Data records
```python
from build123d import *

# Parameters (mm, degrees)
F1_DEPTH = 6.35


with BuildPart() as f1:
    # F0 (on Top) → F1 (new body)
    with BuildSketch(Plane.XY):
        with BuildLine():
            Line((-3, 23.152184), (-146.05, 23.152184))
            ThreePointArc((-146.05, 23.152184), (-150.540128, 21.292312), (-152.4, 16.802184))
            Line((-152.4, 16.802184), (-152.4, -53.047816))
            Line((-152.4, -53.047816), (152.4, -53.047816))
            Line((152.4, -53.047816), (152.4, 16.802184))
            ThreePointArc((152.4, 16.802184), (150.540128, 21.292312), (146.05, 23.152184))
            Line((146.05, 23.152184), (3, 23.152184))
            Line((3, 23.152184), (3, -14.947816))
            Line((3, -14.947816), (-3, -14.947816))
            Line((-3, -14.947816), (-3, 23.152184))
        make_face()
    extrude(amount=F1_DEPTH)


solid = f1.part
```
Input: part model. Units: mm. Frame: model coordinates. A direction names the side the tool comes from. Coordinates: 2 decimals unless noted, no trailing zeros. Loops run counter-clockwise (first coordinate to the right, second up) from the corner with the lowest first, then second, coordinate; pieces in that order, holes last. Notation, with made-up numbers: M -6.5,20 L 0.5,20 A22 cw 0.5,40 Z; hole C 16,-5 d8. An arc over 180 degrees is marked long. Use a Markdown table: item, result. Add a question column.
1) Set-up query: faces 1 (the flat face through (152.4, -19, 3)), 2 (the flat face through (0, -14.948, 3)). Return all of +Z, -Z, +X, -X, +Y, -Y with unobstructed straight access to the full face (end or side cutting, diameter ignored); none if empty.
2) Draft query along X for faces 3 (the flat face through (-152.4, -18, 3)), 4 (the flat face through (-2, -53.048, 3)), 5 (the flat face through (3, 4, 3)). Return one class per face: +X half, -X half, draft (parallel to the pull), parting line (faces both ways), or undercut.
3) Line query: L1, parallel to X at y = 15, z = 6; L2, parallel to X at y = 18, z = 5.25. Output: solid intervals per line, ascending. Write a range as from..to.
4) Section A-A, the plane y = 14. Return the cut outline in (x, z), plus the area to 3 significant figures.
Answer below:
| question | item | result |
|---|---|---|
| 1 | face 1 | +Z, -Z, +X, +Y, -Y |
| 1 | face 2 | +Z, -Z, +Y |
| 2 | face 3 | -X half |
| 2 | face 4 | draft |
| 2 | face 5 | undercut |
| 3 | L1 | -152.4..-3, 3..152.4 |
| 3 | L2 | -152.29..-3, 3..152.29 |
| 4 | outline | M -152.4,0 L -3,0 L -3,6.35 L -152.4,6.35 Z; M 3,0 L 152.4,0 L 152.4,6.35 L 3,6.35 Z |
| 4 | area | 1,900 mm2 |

**Assignment**
Between the first line of the entries above and the line with "Input: part model.", both included, copy every line exactly and nothing outside that range.

**The completed task**
```python
from build123d import *

# Parameters (mm, degrees)
F1_DEPTH = 6.35


with BuildPart() as f1:
    # F0 (on Top) → F1 (new body)
    with BuildSketch(Plane.XY):
        with BuildLine():
            Line((-3, 23.152184), (-146.05, 23.152184))
            ThreePointArc((-146.05, 23.152184), (-150.540128, 21.292312), (-152.4, 16.802184))
            Line((-152.4, 16.802184), (-152.4, -53.047816))
            Line((-152.4, -53.047816), (152.4, -53.047816))
            Line((152.4, -53.047816), (152.4, 16.802184))
            ThreePointArc((152.4, 16.802184), (150.540128, 21.292312), (146.05, 23.152184))
            Line((146.05, 23.152184), (3, 23.152184))
            Line((3, 23.152184), (3, -14.947816))
            Line((3, -14.947816), (-3, -14.947816))
            Line((-3, -14.947816), (-3, 23.152184))
        make_face()
    extrude(amount=F1_DEPTH)


solid = f1.part
```
Input: part model. Units: mm. Frame: model coordinates. A direction names the side the tool comes from. Coordinates: 2 decimals unless noted, no trailing zeros. Loops run counter-clockwise (first coordinate to the right, second up) from the corner with the lowest first, then second, coordinate; pieces in that order, holes last. Notation, with made-up numbers: M -6.5,20 L 0.5,20 A22 cw 0.5,40 Z; hole C 16,-5 d8. An arc over 180 degrees is marked long. Use a Markdown table: item, result. Add a question column.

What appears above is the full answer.